Medicine becomes primarily a technique for maintaining and consolidating the control of established authorities whenever it is embraced only to the extent that it provides and imposes a normative standard of “health” just as those established authorities define it, all the while policing and repudiating the occasion for deeply destabilizing, subversive practices of personal self-creation that inevitably arise with the emergence of any new technological capacities.
It is an obscenity that big Pharma devotes millions to marketing competing treatments for erectile dysfunction to the developed world while millions die of cheaply treatable diseases in the developing world. But it would also be an obscenity for social and religious bio-conservatives to deny individuals the transformative recourse to emerging consensual practices of genetic, prosthetic, and cognitive medicine. Remember that there is nothing in the least normal or natural about the historically unprecedented level of control human beings have come to take for granted in the present day over their sexual and reproductive capacities. The emerging neuroceutical address of our moods and memories provides the next conspicuous terrain for such fraught individual re-invention.
We can and in fact I insist we must value both the public and private faces of health care practice. Certainly we should not fall for corporate propaganda that would privilege the private over the public, or pretend that only the denigration of public healthcare provision enables desirable prosthetic pursuits of private perfection. But neither should we be bamboozled into a denigration of prosthetic practices of personal self-creation by cynically sanctimonious arguments from social and religious conservative authorities jealous of their power and sensitive to the precariousness of their position in a more secular world.

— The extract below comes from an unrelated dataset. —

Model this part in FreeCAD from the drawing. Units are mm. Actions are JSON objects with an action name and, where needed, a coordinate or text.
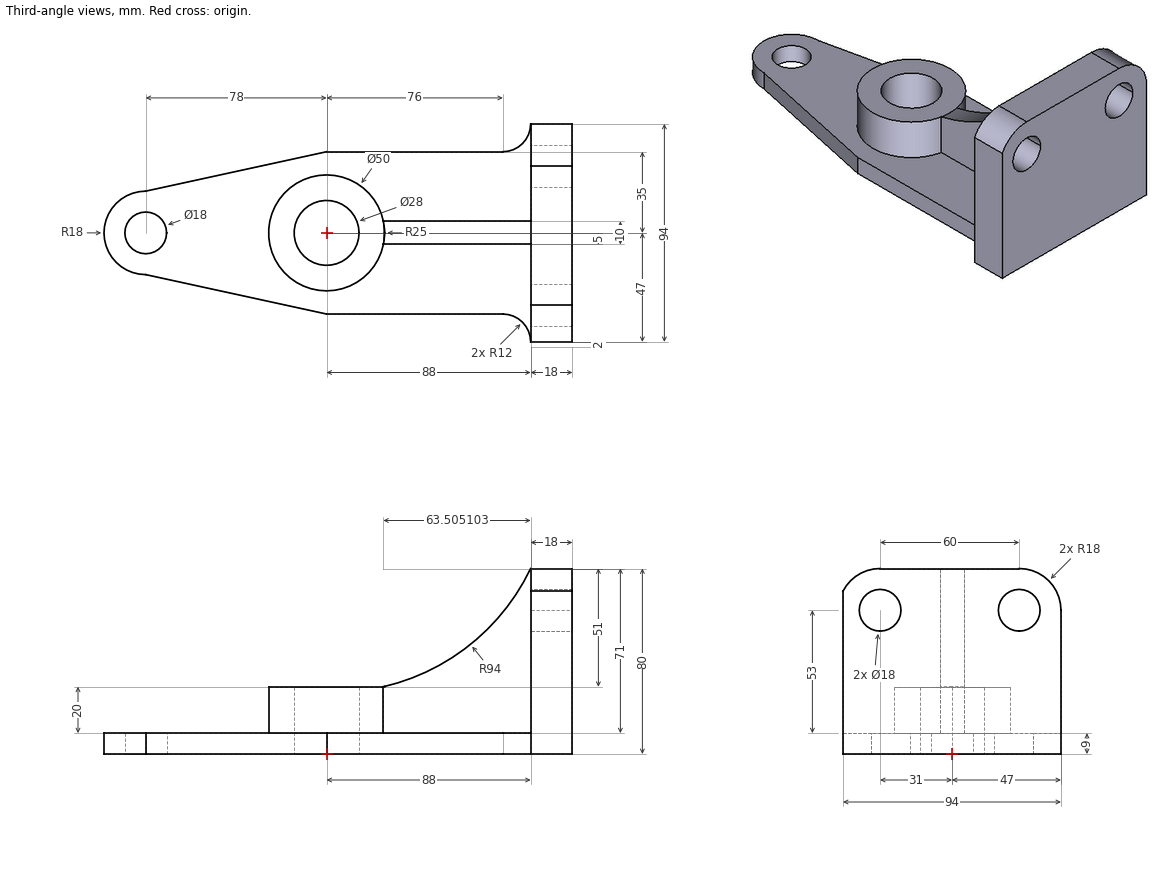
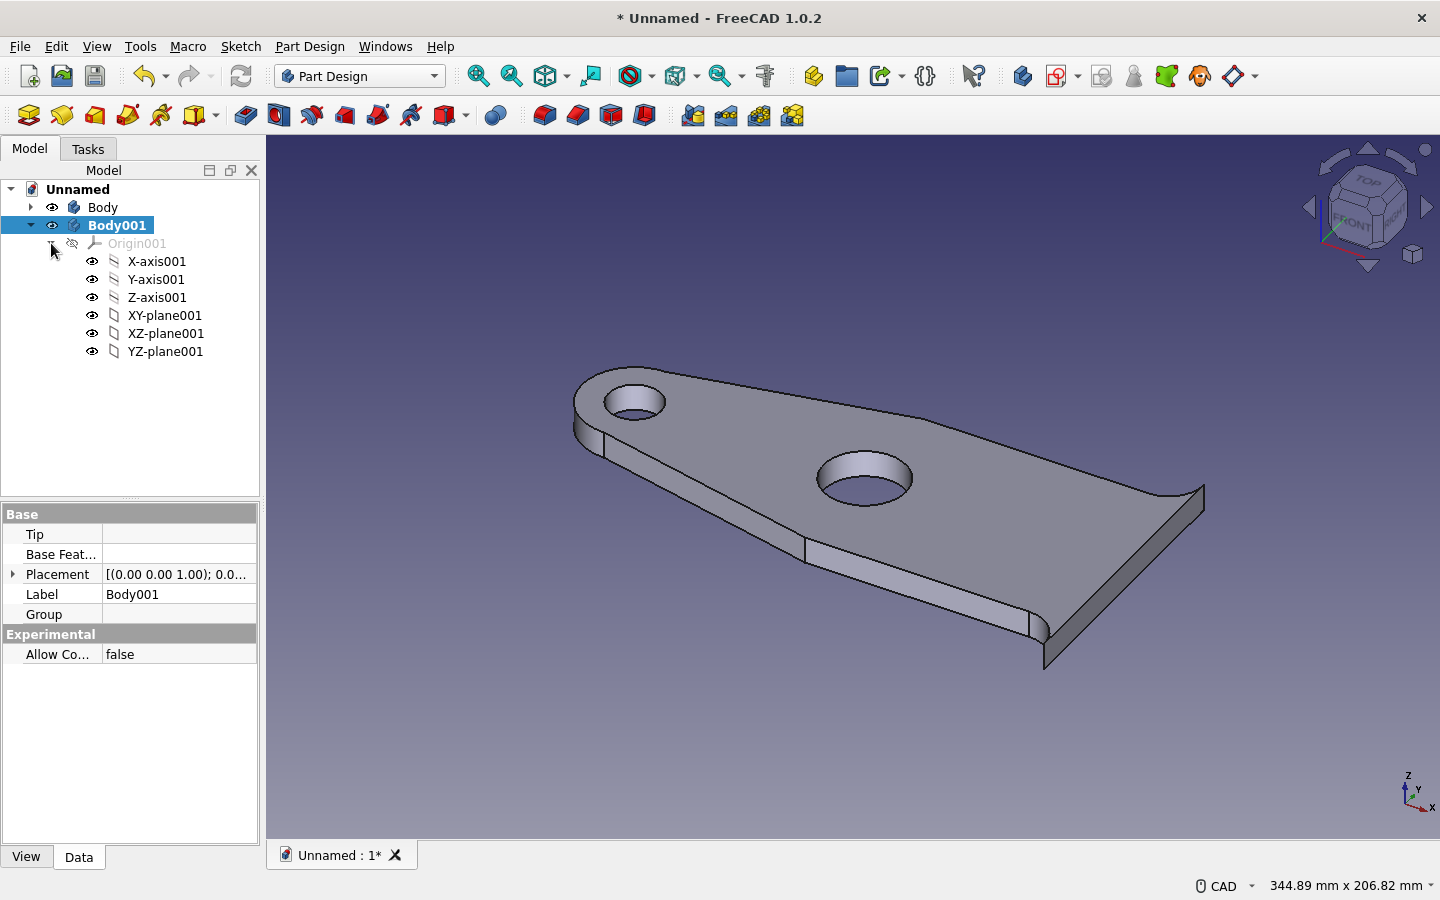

When a doctor in the Church intones that it is “[p]recisely in the handicap, in the disease, in the pain, in old age, in dying and death one can... perceive the truth of life in a clearer way,” you can be sure this is not so much the voice of wisdom and modesty and fairness one is hearing, but yet another echo of that immemorial priestly hostility to the life that is lived in bodies. We must hold instead in a single vision an awareness of frailty and suffering as an address that impels us to action, and a grown-up celebration of the pleasures and promises and dangers of new fleshly humanities that have outgrown the old tired and tyrannical crucifixations.